WORK REQUIRED:
Every line of the material needs an exact copy, apart from the images.

MATERIALS PROVIDED:
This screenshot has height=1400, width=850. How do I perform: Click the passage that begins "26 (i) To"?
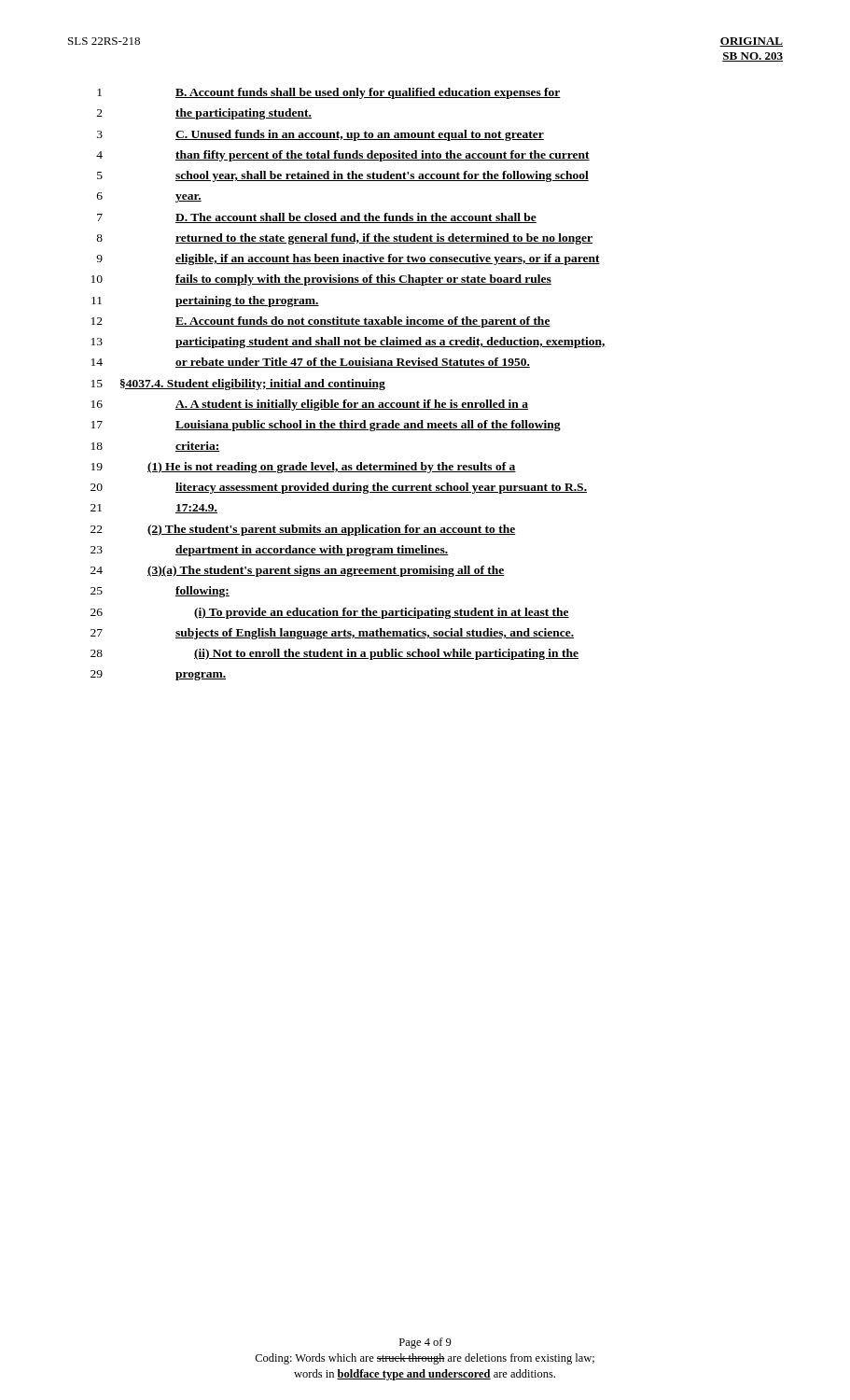pyautogui.click(x=425, y=612)
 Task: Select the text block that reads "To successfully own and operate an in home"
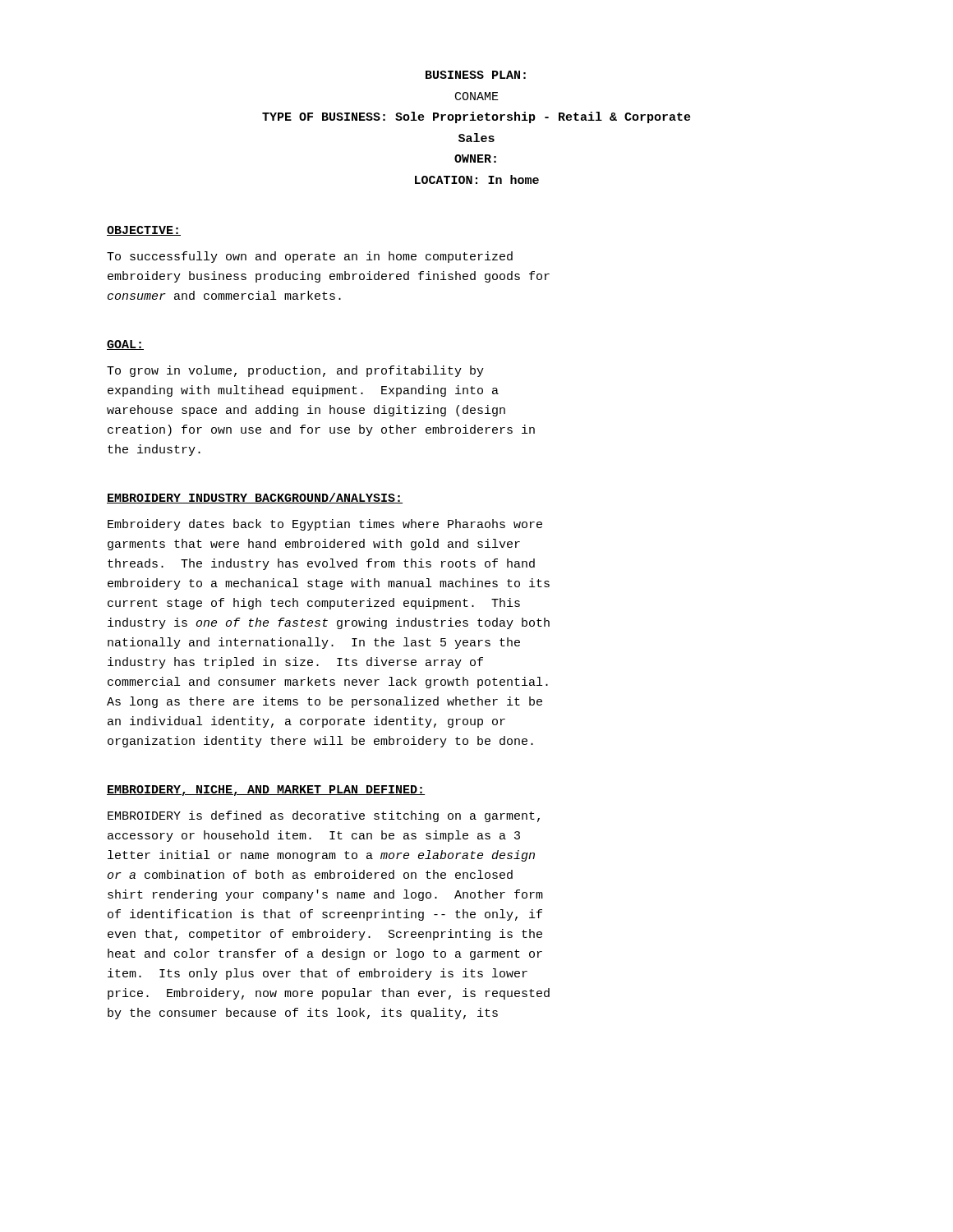pos(329,277)
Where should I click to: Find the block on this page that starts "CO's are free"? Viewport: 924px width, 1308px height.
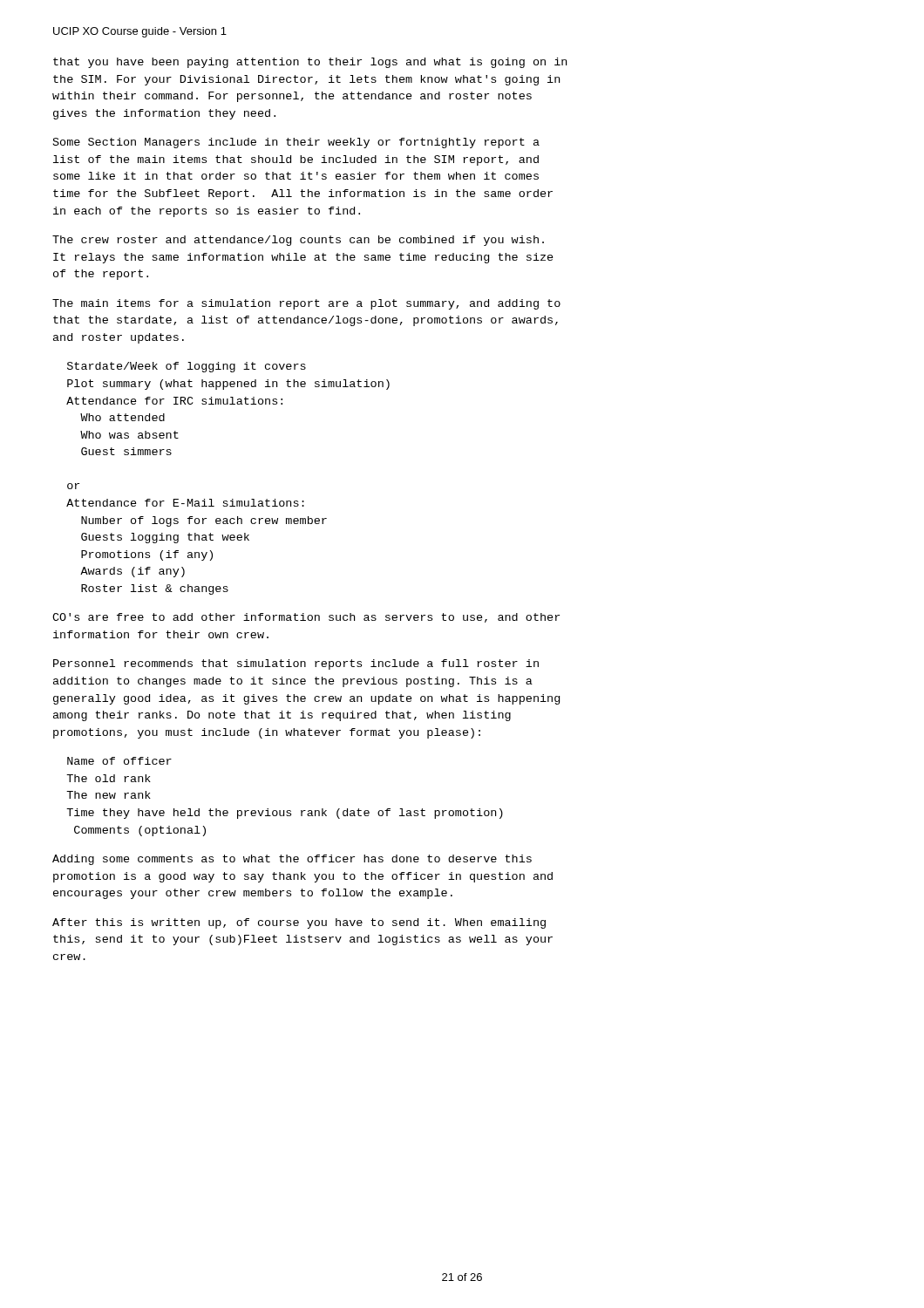point(307,627)

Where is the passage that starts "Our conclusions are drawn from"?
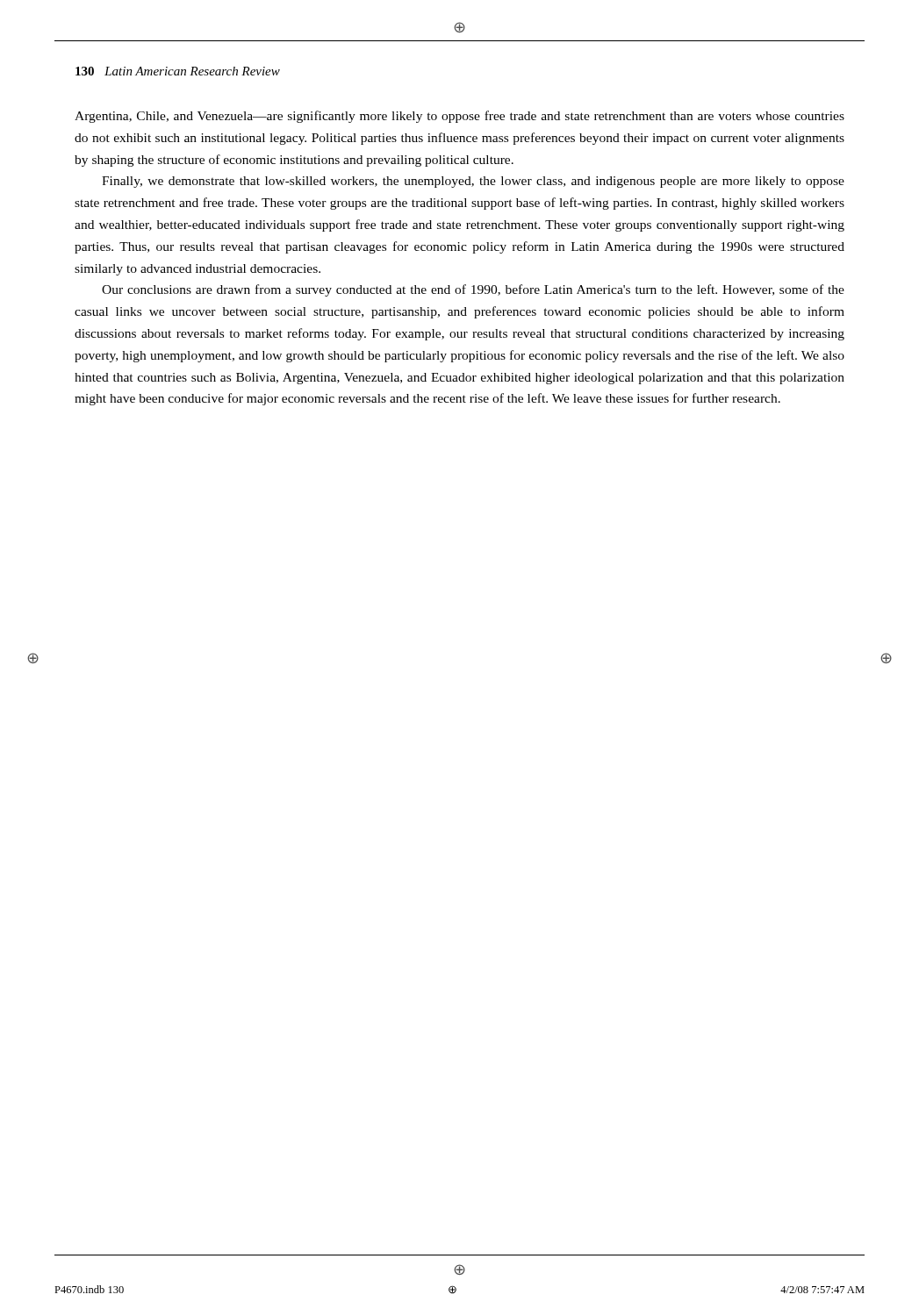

SOLVED PROBLEM:
This screenshot has height=1400, width=850. How do I perform: Click the passage that begins "26 (i) To"?
pyautogui.click(x=425, y=612)
 Task: Select the text block that reads "To successfully own and operate an in home"
pos(329,277)
Where should I click to: Find the block on this page that starts "CO's are free"? Viewport: 924px width, 1308px height.
point(307,627)

Where is the passage that starts "Our conclusions are drawn from"?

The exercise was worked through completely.